Conflict-of-interest statement: All the authors report no relevant conflicts of interest for this article.

Figures

Figure 1
Figure 1
The glycocalyx in the physiological state and the diabetic microenvironment. Under normal physiological conditions, endothelial glycocalyx shedding and recovery are in a state of equilibrium, which can form an albumin exclusion barrier on the endothelial surface. However, in the diabetic microenvironment, inflammation, oxidative stress, and other harmful factors can not only directly destroy the glycocalyx but also hydrolyze the glycocalyx by activating the related sheddases, such as heparinase (HPSE), hyaluronidase, matrix metalloproteinases (MMPs), and neuraminidase, resulting in the shedding of a large number of glycocalyx components, leukocyte and platelet adhesion, macrophage infiltration, and microalbuminuria. In addition, the interaction between podocytes and endothelial cells plays a vital role in glycocalyx degradation. For example, the production of vascular endothelial growth factor A165 (VEGF-A165) by podocytes acts on VEGF receptor 2 (VEGER2) in endothelial cells to induce the production of MMPs. Angiopoietin-2 (Ang-2) acts on Tie2 to increase the expression of HPSE, and Ang-2 also upregulates VEGF-A165 to degrade the glycocalyx further.
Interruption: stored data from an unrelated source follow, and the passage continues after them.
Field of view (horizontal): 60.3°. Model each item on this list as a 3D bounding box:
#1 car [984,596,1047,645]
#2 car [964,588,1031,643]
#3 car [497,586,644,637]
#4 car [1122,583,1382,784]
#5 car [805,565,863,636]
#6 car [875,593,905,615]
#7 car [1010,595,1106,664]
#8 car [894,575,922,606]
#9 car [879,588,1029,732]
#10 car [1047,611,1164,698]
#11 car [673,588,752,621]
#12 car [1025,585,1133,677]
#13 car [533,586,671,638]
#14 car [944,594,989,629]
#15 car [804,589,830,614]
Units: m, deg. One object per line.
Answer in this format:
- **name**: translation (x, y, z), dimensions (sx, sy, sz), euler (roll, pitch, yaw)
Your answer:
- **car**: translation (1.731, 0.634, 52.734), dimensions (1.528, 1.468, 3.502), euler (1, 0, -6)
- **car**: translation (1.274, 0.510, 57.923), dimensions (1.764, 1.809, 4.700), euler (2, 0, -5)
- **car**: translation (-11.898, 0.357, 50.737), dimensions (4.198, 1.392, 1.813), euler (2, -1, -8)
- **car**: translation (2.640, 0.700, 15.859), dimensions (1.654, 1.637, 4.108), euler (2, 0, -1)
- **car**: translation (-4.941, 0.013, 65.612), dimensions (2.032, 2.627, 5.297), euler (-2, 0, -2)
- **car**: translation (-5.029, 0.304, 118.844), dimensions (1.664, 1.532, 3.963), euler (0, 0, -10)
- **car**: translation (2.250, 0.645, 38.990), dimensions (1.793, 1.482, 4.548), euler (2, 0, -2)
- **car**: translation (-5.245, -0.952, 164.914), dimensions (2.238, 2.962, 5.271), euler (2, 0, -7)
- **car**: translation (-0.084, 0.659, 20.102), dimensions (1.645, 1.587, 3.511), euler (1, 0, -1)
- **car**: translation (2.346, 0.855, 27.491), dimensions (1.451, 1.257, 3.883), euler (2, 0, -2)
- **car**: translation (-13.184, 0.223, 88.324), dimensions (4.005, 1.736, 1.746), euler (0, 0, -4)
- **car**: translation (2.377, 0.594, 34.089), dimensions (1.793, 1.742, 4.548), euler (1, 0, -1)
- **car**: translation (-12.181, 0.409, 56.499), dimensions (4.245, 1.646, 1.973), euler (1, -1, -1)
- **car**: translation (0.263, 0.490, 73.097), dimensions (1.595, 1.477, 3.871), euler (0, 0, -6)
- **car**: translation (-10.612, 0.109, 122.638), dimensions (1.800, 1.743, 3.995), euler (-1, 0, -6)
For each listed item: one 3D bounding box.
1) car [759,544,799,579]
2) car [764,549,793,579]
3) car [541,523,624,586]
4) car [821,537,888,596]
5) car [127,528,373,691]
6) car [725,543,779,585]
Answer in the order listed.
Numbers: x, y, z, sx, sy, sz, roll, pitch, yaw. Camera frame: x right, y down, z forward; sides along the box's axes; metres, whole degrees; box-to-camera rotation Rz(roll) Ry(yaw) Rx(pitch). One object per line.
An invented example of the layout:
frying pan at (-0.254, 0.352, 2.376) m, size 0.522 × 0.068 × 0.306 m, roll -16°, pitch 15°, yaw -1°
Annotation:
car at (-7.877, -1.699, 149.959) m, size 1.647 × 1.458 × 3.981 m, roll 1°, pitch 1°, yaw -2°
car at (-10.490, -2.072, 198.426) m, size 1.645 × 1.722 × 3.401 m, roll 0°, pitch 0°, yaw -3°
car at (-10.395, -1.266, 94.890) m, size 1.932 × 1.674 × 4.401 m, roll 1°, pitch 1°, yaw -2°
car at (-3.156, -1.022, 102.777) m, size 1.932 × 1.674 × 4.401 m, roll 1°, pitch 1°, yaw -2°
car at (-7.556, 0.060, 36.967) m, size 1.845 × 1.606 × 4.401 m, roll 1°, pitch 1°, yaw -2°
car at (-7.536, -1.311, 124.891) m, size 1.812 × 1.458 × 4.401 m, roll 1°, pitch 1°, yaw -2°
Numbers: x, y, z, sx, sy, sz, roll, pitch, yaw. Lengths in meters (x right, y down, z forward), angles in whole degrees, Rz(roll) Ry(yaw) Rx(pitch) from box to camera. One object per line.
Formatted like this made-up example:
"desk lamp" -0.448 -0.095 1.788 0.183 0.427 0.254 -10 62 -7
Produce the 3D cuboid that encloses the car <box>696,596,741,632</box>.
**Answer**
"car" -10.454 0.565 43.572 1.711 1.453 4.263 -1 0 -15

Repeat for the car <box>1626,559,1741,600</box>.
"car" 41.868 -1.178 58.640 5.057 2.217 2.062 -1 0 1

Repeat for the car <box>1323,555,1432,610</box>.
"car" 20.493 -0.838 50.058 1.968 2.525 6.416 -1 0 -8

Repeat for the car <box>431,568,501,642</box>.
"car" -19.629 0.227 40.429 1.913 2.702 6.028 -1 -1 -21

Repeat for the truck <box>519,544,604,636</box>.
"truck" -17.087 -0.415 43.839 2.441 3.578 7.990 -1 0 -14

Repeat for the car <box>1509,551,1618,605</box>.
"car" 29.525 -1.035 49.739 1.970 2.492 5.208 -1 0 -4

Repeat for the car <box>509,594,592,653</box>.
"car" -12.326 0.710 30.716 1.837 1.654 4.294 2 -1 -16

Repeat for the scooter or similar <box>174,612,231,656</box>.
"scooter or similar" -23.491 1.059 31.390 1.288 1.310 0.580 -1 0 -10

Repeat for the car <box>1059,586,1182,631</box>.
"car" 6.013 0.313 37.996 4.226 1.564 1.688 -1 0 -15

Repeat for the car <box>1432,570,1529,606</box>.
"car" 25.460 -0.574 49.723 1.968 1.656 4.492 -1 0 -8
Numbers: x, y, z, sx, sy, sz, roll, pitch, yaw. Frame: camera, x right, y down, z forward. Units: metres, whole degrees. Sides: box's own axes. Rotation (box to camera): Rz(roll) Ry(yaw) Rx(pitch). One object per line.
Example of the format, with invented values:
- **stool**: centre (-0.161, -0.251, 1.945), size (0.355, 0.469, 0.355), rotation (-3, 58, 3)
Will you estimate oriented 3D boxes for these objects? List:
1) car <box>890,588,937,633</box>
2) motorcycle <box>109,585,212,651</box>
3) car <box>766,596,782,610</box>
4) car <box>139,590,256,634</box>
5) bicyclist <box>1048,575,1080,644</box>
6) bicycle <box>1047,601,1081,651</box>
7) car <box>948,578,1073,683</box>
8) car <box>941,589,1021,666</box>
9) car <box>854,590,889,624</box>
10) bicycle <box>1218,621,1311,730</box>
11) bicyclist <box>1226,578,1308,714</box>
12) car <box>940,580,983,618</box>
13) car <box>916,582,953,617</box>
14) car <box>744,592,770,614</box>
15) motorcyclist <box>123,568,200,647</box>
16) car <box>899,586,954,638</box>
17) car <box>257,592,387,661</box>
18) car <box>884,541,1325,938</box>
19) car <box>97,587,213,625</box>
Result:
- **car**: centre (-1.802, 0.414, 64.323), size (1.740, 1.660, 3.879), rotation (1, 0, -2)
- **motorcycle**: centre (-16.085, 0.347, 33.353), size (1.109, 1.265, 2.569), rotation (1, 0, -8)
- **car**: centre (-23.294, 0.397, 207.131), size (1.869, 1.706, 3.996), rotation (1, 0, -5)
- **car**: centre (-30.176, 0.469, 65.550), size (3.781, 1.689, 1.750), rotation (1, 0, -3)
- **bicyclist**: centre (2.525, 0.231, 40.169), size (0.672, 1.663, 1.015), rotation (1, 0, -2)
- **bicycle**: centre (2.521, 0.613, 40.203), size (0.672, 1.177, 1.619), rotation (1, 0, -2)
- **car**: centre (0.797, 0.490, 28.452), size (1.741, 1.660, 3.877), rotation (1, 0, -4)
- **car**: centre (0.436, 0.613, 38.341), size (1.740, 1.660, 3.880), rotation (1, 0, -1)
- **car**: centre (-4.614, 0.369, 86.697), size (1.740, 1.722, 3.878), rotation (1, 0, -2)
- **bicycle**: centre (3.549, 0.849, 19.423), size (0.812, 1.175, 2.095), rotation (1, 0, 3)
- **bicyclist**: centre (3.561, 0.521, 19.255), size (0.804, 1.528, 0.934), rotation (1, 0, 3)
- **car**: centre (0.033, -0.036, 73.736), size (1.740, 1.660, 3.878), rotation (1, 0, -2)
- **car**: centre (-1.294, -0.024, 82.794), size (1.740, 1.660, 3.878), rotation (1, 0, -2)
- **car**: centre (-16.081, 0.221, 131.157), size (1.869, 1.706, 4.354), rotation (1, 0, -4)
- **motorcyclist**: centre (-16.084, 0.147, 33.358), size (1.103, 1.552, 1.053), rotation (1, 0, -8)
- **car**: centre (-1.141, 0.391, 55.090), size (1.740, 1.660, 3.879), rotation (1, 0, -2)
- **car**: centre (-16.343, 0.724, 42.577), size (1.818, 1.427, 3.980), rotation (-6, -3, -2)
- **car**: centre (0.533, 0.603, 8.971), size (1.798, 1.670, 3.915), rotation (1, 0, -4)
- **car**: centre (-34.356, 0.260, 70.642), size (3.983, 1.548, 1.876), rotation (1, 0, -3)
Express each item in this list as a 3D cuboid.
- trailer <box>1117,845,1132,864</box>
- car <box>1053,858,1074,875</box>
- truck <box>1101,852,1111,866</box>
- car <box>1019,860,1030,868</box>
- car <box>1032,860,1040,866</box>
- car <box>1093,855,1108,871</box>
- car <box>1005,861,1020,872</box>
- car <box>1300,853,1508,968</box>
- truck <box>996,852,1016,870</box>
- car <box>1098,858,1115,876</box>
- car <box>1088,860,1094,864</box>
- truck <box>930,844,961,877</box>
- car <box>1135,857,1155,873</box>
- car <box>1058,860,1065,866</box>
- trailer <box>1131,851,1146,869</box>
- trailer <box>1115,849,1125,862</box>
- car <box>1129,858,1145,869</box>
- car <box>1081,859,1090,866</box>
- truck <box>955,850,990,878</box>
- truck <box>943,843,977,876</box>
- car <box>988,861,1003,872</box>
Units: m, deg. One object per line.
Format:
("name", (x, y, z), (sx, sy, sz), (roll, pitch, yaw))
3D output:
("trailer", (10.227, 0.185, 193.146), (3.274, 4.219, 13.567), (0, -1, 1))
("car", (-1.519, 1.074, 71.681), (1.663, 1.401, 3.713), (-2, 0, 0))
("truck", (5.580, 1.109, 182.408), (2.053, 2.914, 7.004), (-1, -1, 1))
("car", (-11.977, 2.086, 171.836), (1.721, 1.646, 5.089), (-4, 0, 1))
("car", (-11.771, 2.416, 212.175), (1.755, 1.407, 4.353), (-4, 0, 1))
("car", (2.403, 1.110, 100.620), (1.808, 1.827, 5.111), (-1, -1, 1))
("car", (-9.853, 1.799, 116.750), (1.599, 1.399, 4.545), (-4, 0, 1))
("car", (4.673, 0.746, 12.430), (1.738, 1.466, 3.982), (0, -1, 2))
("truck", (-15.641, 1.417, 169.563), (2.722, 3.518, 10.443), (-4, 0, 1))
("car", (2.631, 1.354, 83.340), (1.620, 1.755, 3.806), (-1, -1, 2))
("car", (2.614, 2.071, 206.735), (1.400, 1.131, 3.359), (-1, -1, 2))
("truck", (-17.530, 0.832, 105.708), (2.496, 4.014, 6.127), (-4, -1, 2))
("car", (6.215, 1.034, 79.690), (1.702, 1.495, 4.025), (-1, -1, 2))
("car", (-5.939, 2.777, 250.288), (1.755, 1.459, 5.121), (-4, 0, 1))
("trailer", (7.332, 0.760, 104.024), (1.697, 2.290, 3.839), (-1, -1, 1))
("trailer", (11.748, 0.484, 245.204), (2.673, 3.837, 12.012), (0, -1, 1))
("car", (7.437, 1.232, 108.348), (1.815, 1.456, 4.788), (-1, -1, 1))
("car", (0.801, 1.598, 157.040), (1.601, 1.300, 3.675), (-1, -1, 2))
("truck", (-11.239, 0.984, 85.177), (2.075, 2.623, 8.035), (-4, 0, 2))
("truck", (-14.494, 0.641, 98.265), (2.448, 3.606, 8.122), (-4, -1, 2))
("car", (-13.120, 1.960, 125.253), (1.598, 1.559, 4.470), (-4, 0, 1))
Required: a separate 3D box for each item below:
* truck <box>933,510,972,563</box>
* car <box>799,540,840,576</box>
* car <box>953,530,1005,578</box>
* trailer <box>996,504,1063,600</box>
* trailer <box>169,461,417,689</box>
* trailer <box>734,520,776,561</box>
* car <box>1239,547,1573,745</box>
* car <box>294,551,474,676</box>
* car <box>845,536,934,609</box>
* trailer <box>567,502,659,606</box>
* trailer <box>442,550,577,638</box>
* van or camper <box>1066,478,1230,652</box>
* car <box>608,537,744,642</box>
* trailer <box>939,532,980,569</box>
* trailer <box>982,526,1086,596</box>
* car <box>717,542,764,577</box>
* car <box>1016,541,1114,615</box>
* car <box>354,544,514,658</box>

In addition, there is an interaction between Tie2 and VEGER2. Endothelin-1 acts on endothelial cells Ednra to produce reactive oxygen species; it also acts on Ednra/Ednrb in podocytes to induce the production of HPSE to degrade the glycocalyx. HA: Hyaluronic acid; CS: Chondroitin sulfate; HS: Heparin sulfate; SA: Sialic acids; HPSE: Heparinase; MMPs: Matrix metalloproteinases; HYAL: Hyaluronidase; NEU: Neuraminidase; ROS: Reactive oxygen species; VEGF-A165: Vascular endothelial growth factor A165; VEGFR-2: Vascular endothelial growth factor receptor 2; ET-1: Endothelin-1; Ednra: Endothelin receptor type A; Ednrb: Endothelin receptor type B; Ang-2: Angiopoietin-2; SOD: Superoxide dismutase; AT III: Antithrombin III; ICAM: Intercellular adhesion molecule; VCAM: Vascular cell adhesion molecule; EG: Endothelial glycocalyx; GBM: Glomerular basement membrane; ESL: Endothelial surface layer; SD: Slit diaphragm.